Furthermore, it is planned to transpose the Council Directive (EU) 2022/2523 of 14 December 2022, concerning the definition of a global minimum level of taxation for multinational groups of companies and large-scale national groups in the EU .
Space then for the simplification and rationalization of the so-called regime. controlled foreign companies (CFC - Controlled Foreign Companies), reviewing the criteria for determining the taxable amount subject to taxation in Italy.
Incentives for investments or capital transfers in Italy
Letter d) of the art. 3 delegates the Government to promote the introduction of measures aimed at bringing the income tax system into line with greater international competitiveness, in compliance with the criteria established by the EU legislation and by the recommendations prepared by the OECD. In compliance with the European rules on state aid and the principles of harmless tax competition, these measures may also include the granting of incentives for investment or the transfer of capital in Italy for the promotion of economic activities on Italian territory. In relation to these incentives, the enabling law provides that appropriate measures must be established and envisaged to prevent any form of abuse.
In fact, in this regard, in the periodic report presented by the Secretary General to the OECD to the G20 and to the governors of the central banks, meeting in India last February, the main interventions on tax matters were summarized and the results achieved were summarized .
Previously, i.e. on 8 October 2021, an important agreement was reached at the OECD/G20, signed by more than 100 jurisdictions, on a two-pillar solution and aimed at addressing the tax challenges deriving from the digitalization of the economy.
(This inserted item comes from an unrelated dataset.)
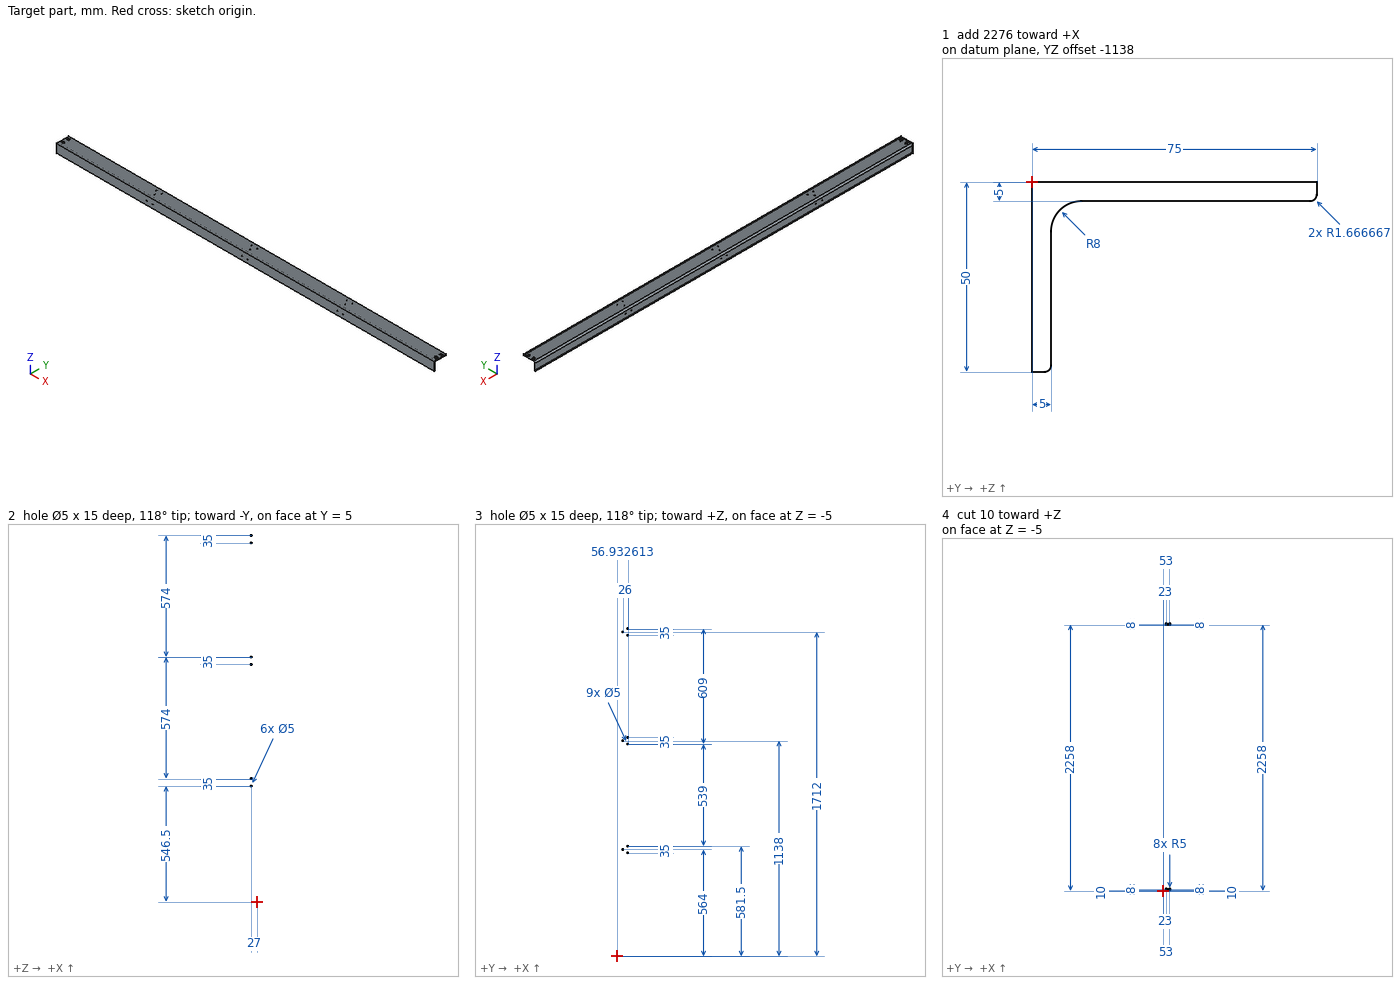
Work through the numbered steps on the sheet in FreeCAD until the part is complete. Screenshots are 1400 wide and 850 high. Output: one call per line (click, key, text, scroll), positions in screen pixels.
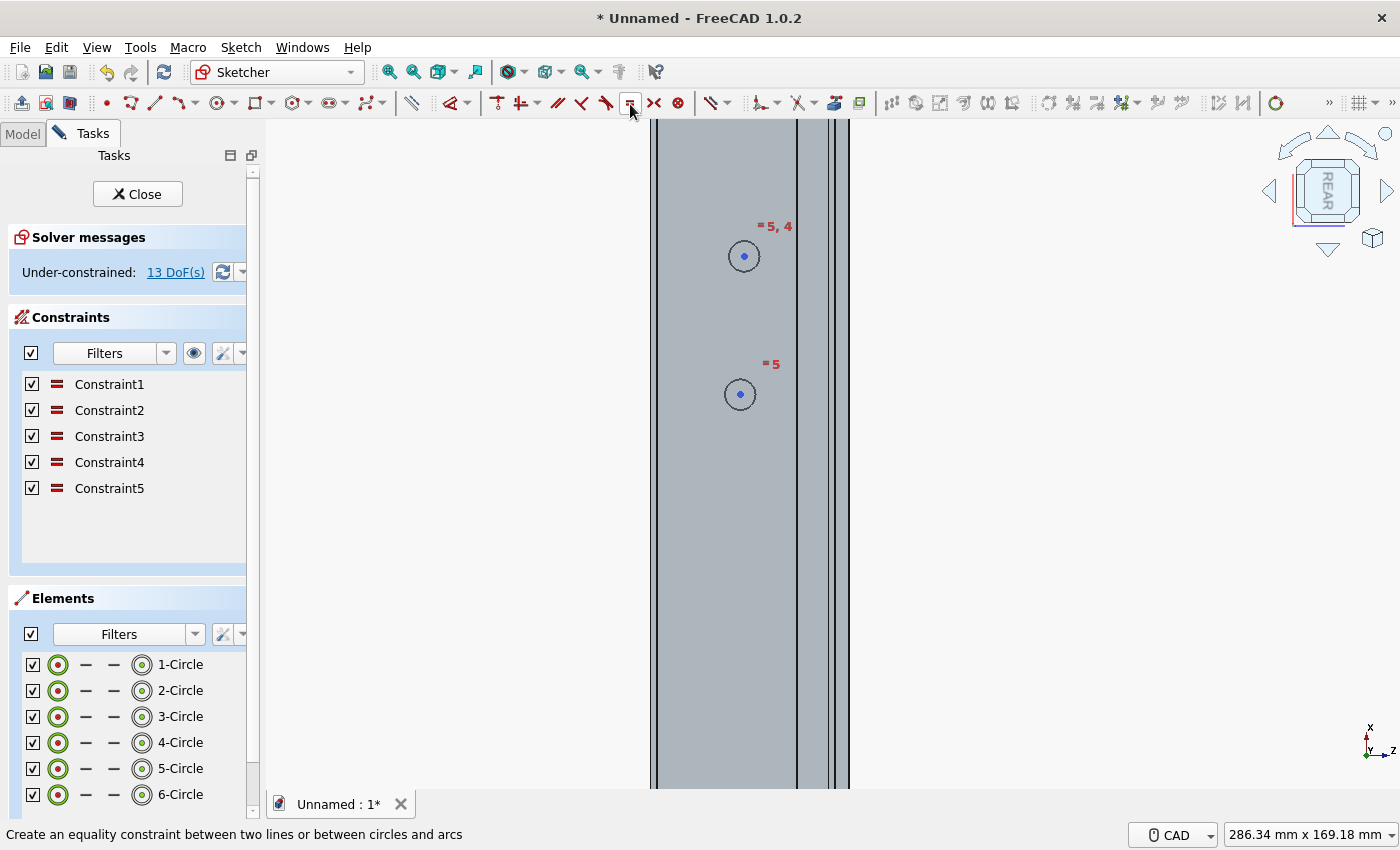
scroll(763, 246, down, 14)

The first pillar aims to guarantee a more equitable distribution of profits and taxation rights among the countries in which large multinational companies operate, including large digital companies and by distributing the taxation right among the countries in which they carry out commercial activities and carry out profits. While the second pillar seeks to combat tax dumping, i.e. the shifting of profits where tax rates are lower or non-existent, through the introduction of a global minimum tax of 15% on multinational companies, including those operating in the digital economy, with revenues exceeding 750 million euros per year.
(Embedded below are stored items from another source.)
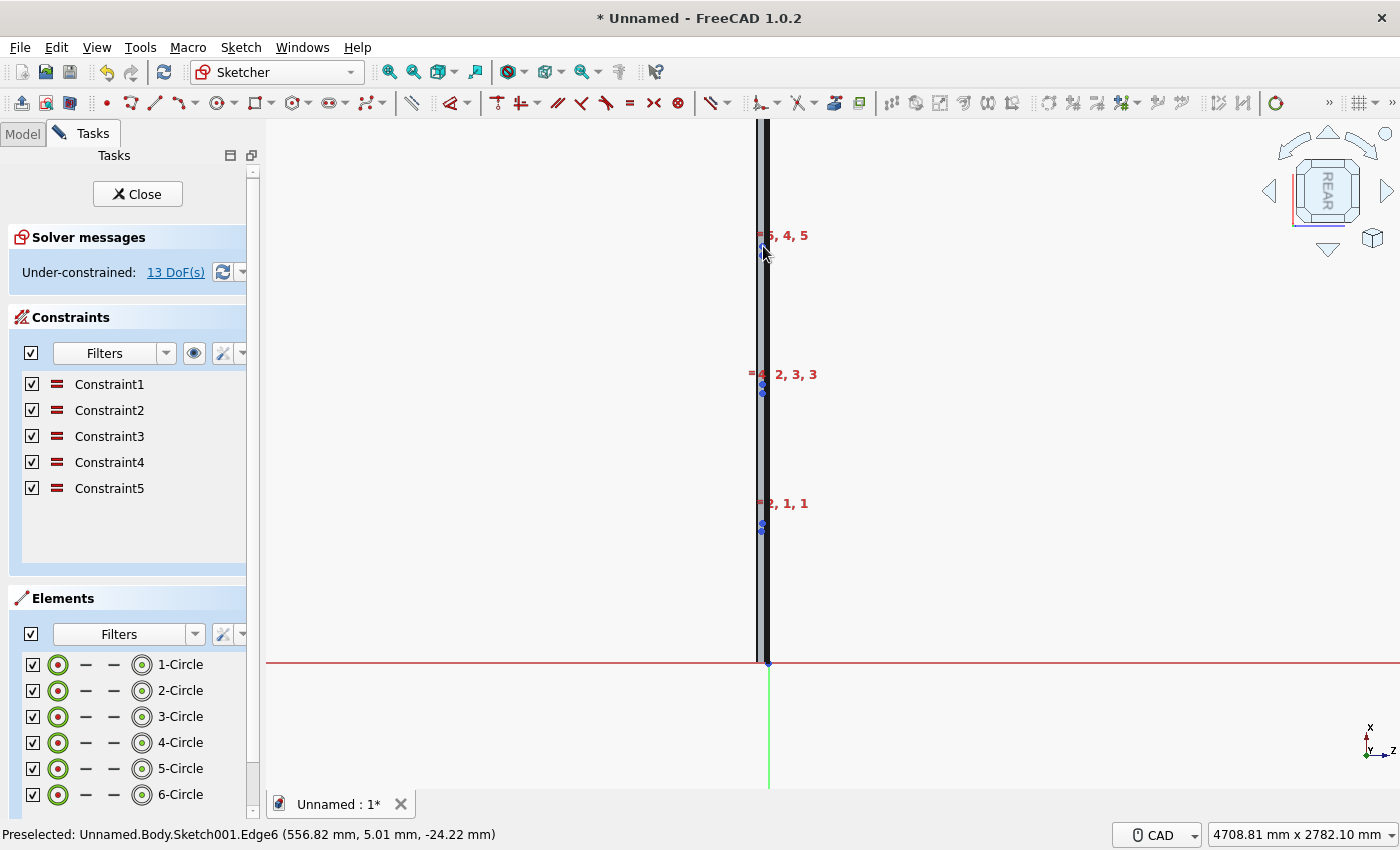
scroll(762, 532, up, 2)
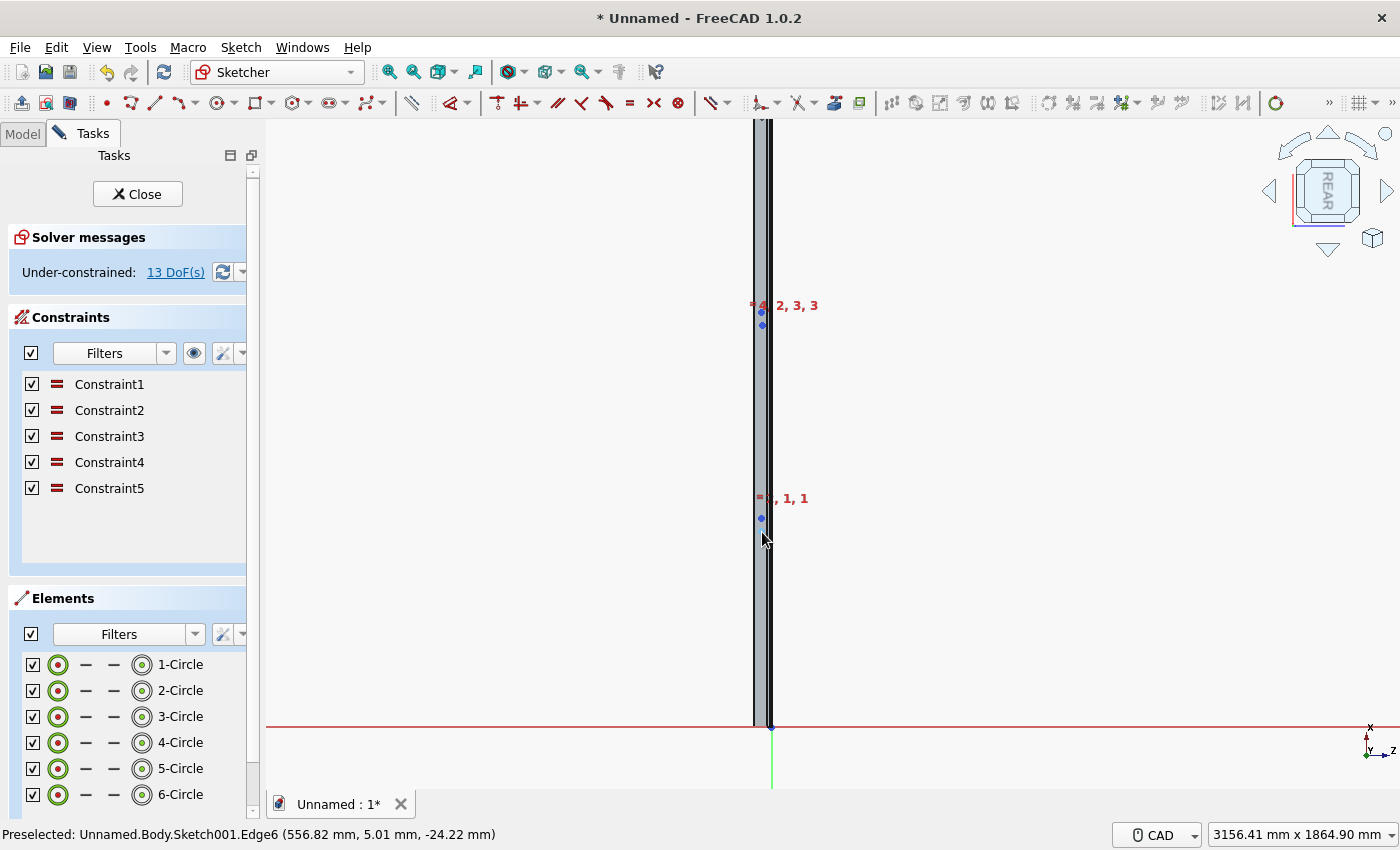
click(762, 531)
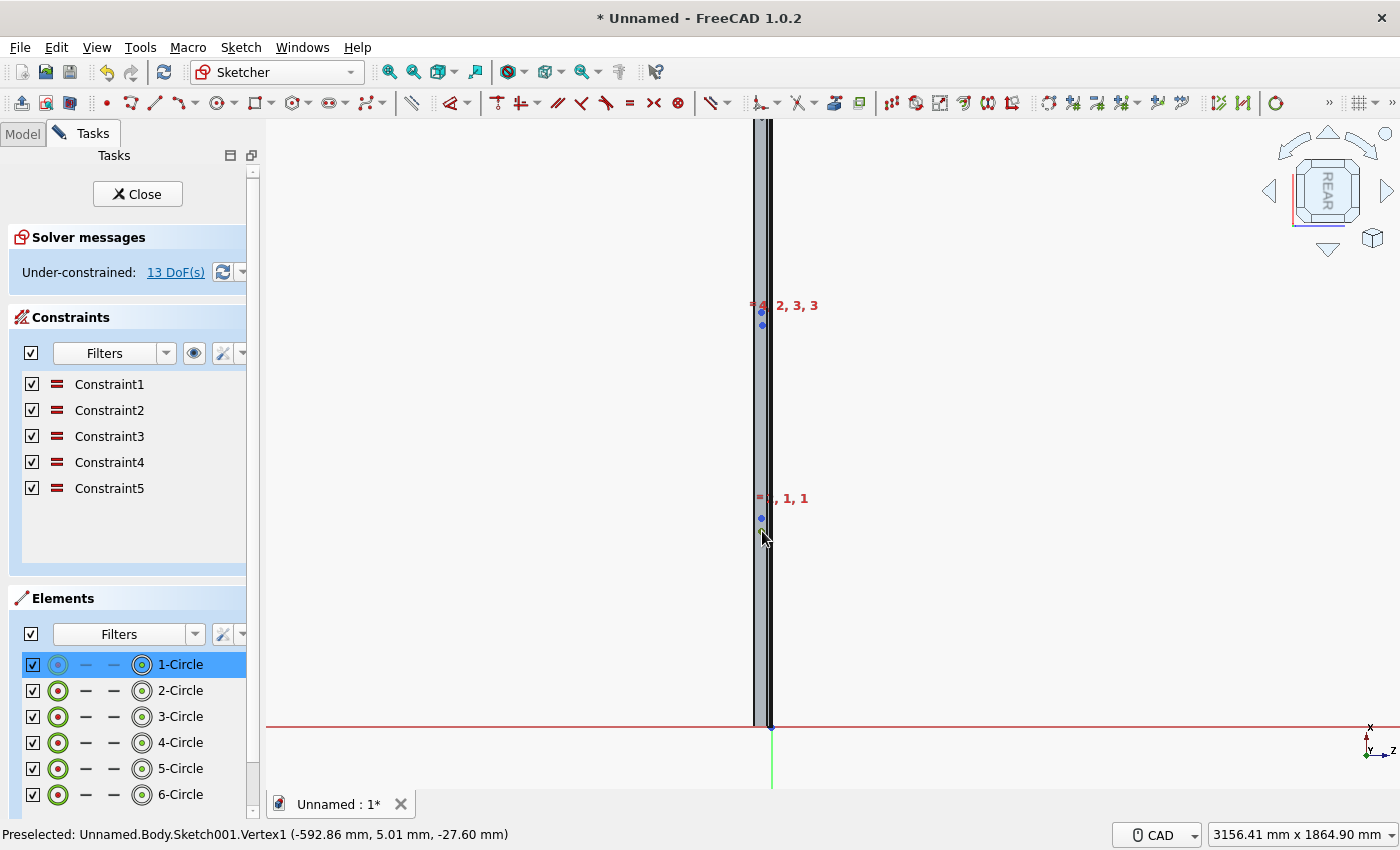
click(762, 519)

Definition of a global minimum level of taxation for multinationals
Then moving on to the letter e) of art. 3, the transposition of Council Directive (EU) 2022/2523 of 14 December 2022 is envisaged, concerning the definition of a minimum level of taxation for multinational groups of companies and large-scale national groups in the EU, also following the common approach shared internationally based on the OECD Technical Guide on Global Minimum Taxation.
Furthermore, the introduction of a national minimum tax due in relation to all companies, located in Italy, belonging to a multinational or national group and subject to low taxation (number 1) and a sanctioning regime, compliant with the current one, is envisaged in the field of income tax, for the violation of the obligations concerning the minimum taxation of multinational and national groups of companies and an effective and dissuasive sanction regime for the violation of the related information obligations (number 2).
Review of the criteria for determining the taxable income of the CFC
Then as for the following lett. f) of the art. 3, it envisages simplifying and rationalizing the regime of controlled foreign companies, reviewing the criteria for determining the taxable amount subject to taxation in Italy and coordinating this regulation with that implementing lett. And).